▶ [Work order]
Give the data below again exactly as written, without its pictures.

▶ [Dataset entries]
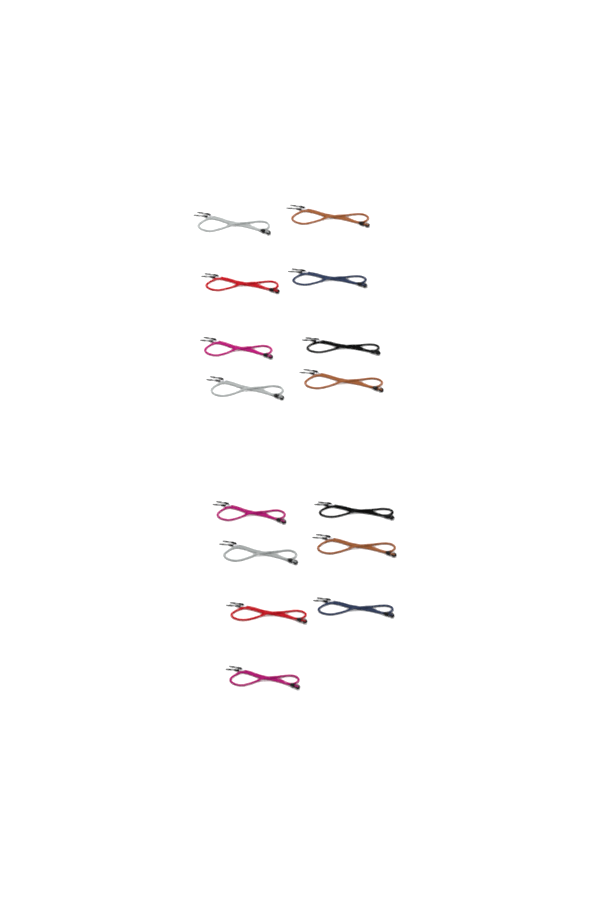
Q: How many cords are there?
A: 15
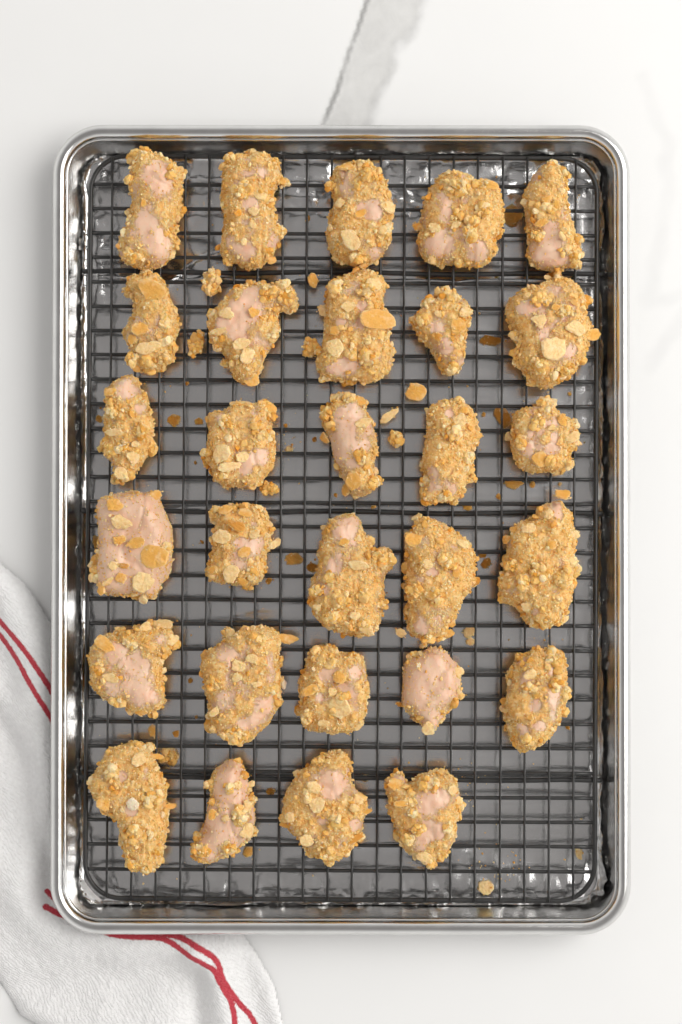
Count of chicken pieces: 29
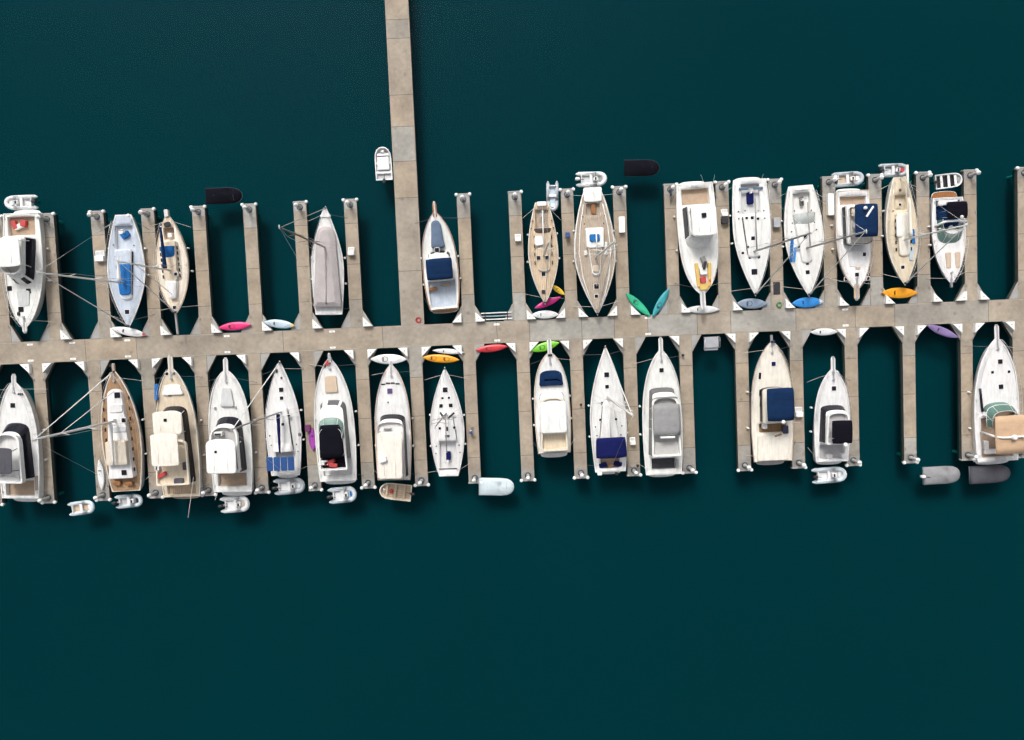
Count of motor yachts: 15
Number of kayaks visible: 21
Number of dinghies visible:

▶ [Finished exercise]
Q: How many cords are there?
A: 15
Count of chicken pieces: 29
Count of motor yachts: 15
Number of kayaks visible: 21
Number of dinghies visible:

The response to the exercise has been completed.